Race against Friedreich's ataxia advancesUSF Health News

“What a difference a year makes” was a theme of this year’s Friedrich’s Ataxia Scientific Symposium hosted by USF and the Friedreich’s Ataxia Research Alliance (FARA).

Researchers, clinicians, patients and their families gathered Sept. 4 at the USF Health Center for Advanced Medical Learning and Simulation for the sixth annual symposium, which was also live streamed over Facebook to an international audience.

Along with research updates from leading scientists who have contributed to breakthroughs in the field of Friedreich’s ataxia (FA), the symposium focused on the inspiring stories of patients living with the rare, debilitating neuromuscular disorder.

L to R: Dr. Charles Lockwood, senior vice presdident of USF Health and dean of Morsani College of Medicine; Dr. Clifton Gooch, chair of neurology; and USF neurologist Dr. Theresa Zesiewicz, director of the USF Ataxia Research Center.

“I moved to college in August and that was terrifying — but I love it now,” said Emily Young, 18, a freshman at the University of Illinois, when asked what differences she has experienced in 2014.

Young, diagnosed at age 12, has competed as one of the top cyclists in Ride Ataxia Chicago for the past three years.

“It’s great just to be in the starting line getting ready to go,” she said. “I wake up every morning determined not to let this disease define who I am… It’s important to stay motivated and keep fighting. We will find a cure.”

L to R: Dr. Gooch moderates a panel with patients Sam Bridgman and Emily Young, who shared their stories about living with FA.

People with Friedreich’s ataxia harbor genetic mutations that limit the production of frataxin, a protein important to the function of the energy-producing factories, or mitochondria, of the cell. This leads to a variety of symptoms, including neurodegeneration that can cause loss of coordination and muscle weakness, energy deprivation and fatigue, vision impairment, slurred speech, aggressive scoliosis, diabetes, and life-shortening cardiac disease. There is not yet an approved treatment or a cure.

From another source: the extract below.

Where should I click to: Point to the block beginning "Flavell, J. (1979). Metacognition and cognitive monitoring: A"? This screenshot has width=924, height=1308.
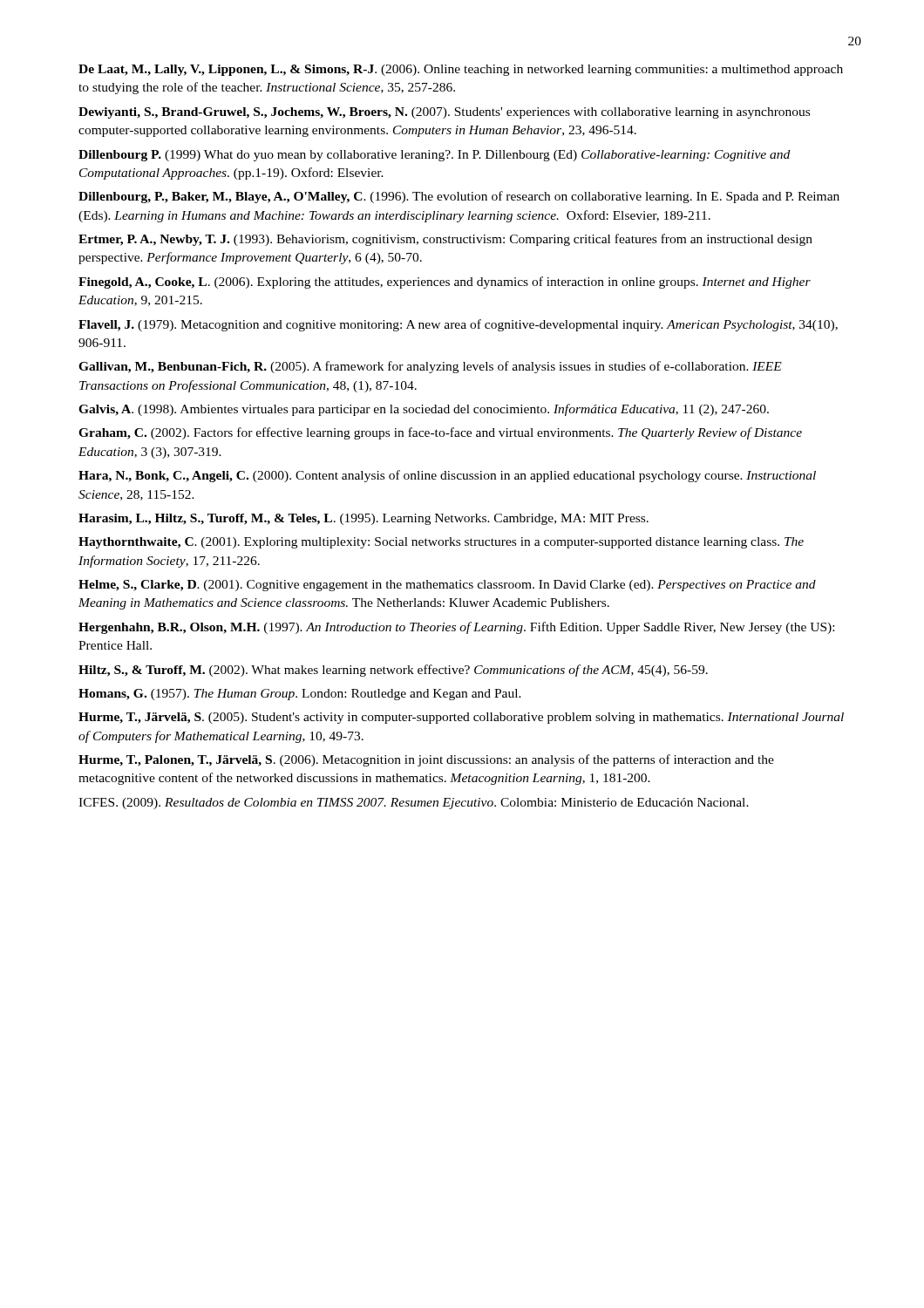(462, 333)

Over the last 20 years, an international collaborative network of researchers coordinated by FARA has increased the pace in the fight against Friedreich’s ataxia. Today, more than 20 drugs are in the treatment pipeline, both in various stages of clinical trials and in pre-clinical development. Ongoing studies in cell and animal models also seek to discover potential new therapies for testing. The studies cover a range of therapeutic targets, including finding ways to boost frataxin production, improve mitochondrial function, or gene therapy approaches, to name a few.

“Our goal is to keep the pipeline filled until we get a treatment that works,” said Jennifer Farmer, executive director of FARA. “We know it will likely be a cocktail approach, not a single drug. We need to attack FA from multiple fronts.”

Jennifer Farmer, executive director of FARA, and Ron Bartek, FARA president, helped welcome the audience.

The USF Ataxia Research Center is a major contender in the race to find the first treatment for Friedreich’s ataxia. USF neurologist Theresa Zesiewicz, MD, center director, gave an overview of the center’s clinical and basic science research.

These include an Edison Pharmaceuticals-sponsored, USF-led multisite trial testing the effectiveness of EPI-743, a potent antioxidant, on vision and neurological function in FA patients. The one-year study has been extended for another year, and this spring the U.S. Food and Drug Administration granted fast-track status to EPI-743 – a move that can help accelerate clinical development of the investigational drug,

Another ongoing study at USF is assessing the role of acetyl-L-carnitine on cardiovascular outcomes in patients with FA, who are at risk for diseases of the heart muscle. The USF Ataxia Research Center collaborated with the USF School of Physical Therapy & Rehabilitation Sciences (Dr. Seok Hun Kim and Jeannie Stephenson) on a recently completed study testing biomarkers to more precisely measure the progression of FA.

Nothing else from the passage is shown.